Collinearity Diagnostics
Number	Eigenvalue	Condition Number	Proportion of Variation
Number	Eigenvalue	Condition Number	teach_sal	prcnt_prof	socio_stat	teach_score	mom_ed	Intercept
1	4.978128	1.0000	0.0007	0.0012	0.0026	0.0001	0.0001	0.0000
2	0.937758	2.3040	0.0006	0.0028	0.2131	0.0001	0.0000	0.0001
3	0.066023	8.6833	0.0202	0.3529	0.6159	0.0011	0.0000	0.0003
4	0.016036	17.6191	0.7961	0.0317	0.0534	0.0059	0.0083	0.0099
5	0.001364	60.4112	0.1619	0.3242	0.0053	0.7987	0.3309	0.0282
6	0.000691	84.8501	0.0205	0.2874	0.1096	0.1942	0.6607	0.9614

The condition number of the $\mb {X}$ matrix is reported to be $84.85$ . This means that the condition number of $\mb {X}’\mb {X}$ is $84.85^2=7199.5$ , which is very large.

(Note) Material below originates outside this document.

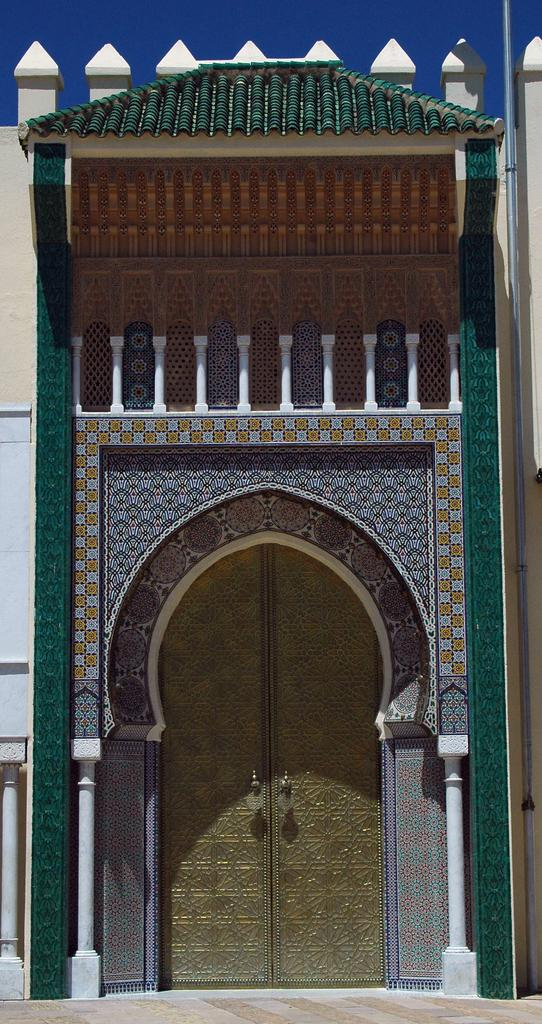What part of a building is shown in the image? The image shows the front of a building. What architectural features can be seen on the front of the building? There are doors, pillars, and an arch in the image. Are there any additional decorative elements on the building? Yes, there are small pillars on top of the building. What can be seen in the background of the image? The sky is visible in the background of the image. What type of weight can be seen on the selection of pillars in the image? There is no weight visible on the pillars in the image, as they are architectural elements and not objects that can hold or support weights.

Ridge regression can be used to offset some of the problems associated with ill-conditioned $\mb {X}$ matrices. Using the formula for the ridge value as

$\lambda _ R = \frac{kS^2}{\hat{\beta }\hat{\beta }} \approx 0.9$

where $\hat{\beta }$ and $S^2$ are the least squares estimators of $\beta$ and $\sigma ^2$ and $k = 6$ . A ridge regression of the test score model was performed by using the data set with the outliers removed. The following PROC REG code performs the ridge regression:

data coleman;
   set coleman;
   if _n_ = 3 or _n_ = 18 then delete;
run;

proc reg data=coleman ridge=0.9 outest=t noprint;
   model test_score = teach_sal prcnt_prof socio_stat teach_score mom_ed;
run;

proc print data=t;
run;

The results of the estimation are shown in Figure 13.10.

Figure 13.10: Ridge Regression Estimates

Test Scores compiled by Coleman et al. (1966)

Obs	_MODEL_	_TYPE_	_DEPVAR_	_RIDGE_	_PCOMIT_	_RMSE_	Intercept	teach_sal	prcnt_prof	socio_stat	teach_score	mom_ed	test_score
1	MODEL1	PARMS	test_score	.	.	0.78236	29.7577	-1.69854	0.085118	0.66617	1.18400	-4.06675	-1
2	MODEL1	RIDGE	test_score	0.9	.	3.19679	9.6698	-0.08892	0.041889	0.23223	0.60041	1.32168	-1

Note that the ridge regression estimates are much closer to the estimates produced by the ENTROPY procedure that uses the original data set. Ridge regressions are not robust to outliers as maximum entropy estimates are. This might explain why the estimates still differ for TEACH_SAL.